→ Items listed in a dataset
···
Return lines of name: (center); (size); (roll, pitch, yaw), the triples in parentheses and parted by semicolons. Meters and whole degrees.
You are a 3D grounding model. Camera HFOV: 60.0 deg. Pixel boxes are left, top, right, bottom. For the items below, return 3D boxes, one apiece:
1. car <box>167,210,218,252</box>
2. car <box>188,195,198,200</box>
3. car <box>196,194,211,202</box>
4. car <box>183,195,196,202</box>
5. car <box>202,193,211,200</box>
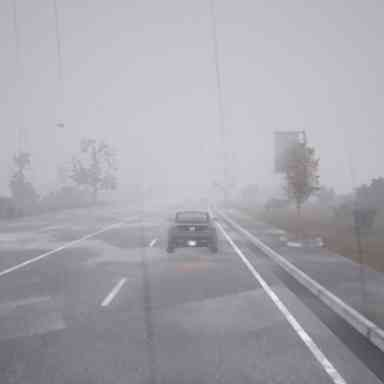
car: (0.014, 1.507, 13.847); (1.837, 1.490, 4.892); (0, 0, 0)
car: (0.317, 1.465, 87.641); (1.895, 1.301, 4.718); (0, 0, 7)
car: (2.705, 1.521, 77.424); (1.812, 1.442, 4.674); (0, 0, 6)
car: (-0.821, 1.589, 77.348); (1.895, 1.301, 4.718); (0, 0, 6)
car: (3.834, 1.242, 87.561); (2.097, 1.767, 4.553); (0, 0, 7)
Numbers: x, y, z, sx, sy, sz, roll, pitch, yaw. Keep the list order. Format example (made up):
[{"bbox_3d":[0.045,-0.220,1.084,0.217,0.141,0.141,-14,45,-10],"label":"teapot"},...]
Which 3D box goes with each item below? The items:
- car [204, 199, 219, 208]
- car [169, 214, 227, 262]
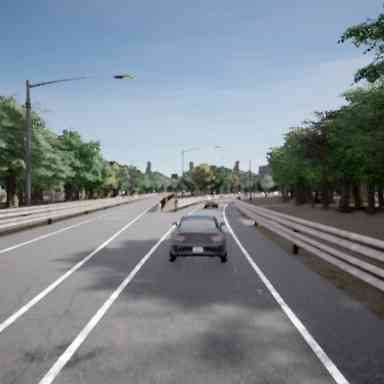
···
→ What you are asked to do
Hand back exactly the lines from the one with "2. car <box>188,195,198,200</box>" through the last line of the data above, both ends included, with every picture left out.

→ Answer area
2. car <box>188,195,198,200</box>
3. car <box>196,194,211,202</box>
4. car <box>183,195,196,202</box>
5. car <box>202,193,211,200</box>
car: (0.014, 1.507, 13.847); (1.837, 1.490, 4.892); (0, 0, 0)
car: (0.317, 1.465, 87.641); (1.895, 1.301, 4.718); (0, 0, 7)
car: (2.705, 1.521, 77.424); (1.812, 1.442, 4.674); (0, 0, 6)
car: (-0.821, 1.589, 77.348); (1.895, 1.301, 4.718); (0, 0, 6)
car: (3.834, 1.242, 87.561); (2.097, 1.767, 4.553); (0, 0, 7)
Numbers: x, y, z, sx, sy, sz, roll, pitch, yaw. Keep the list order. Format example (made up):
[{"bbox_3d":[0.045,-0.220,1.084,0.217,0.141,0.141,-14,45,-10],"label":"teapot"},...]
Which 3D box goes with each item below? The items:
- car [204, 199, 219, 208]
- car [169, 214, 227, 262]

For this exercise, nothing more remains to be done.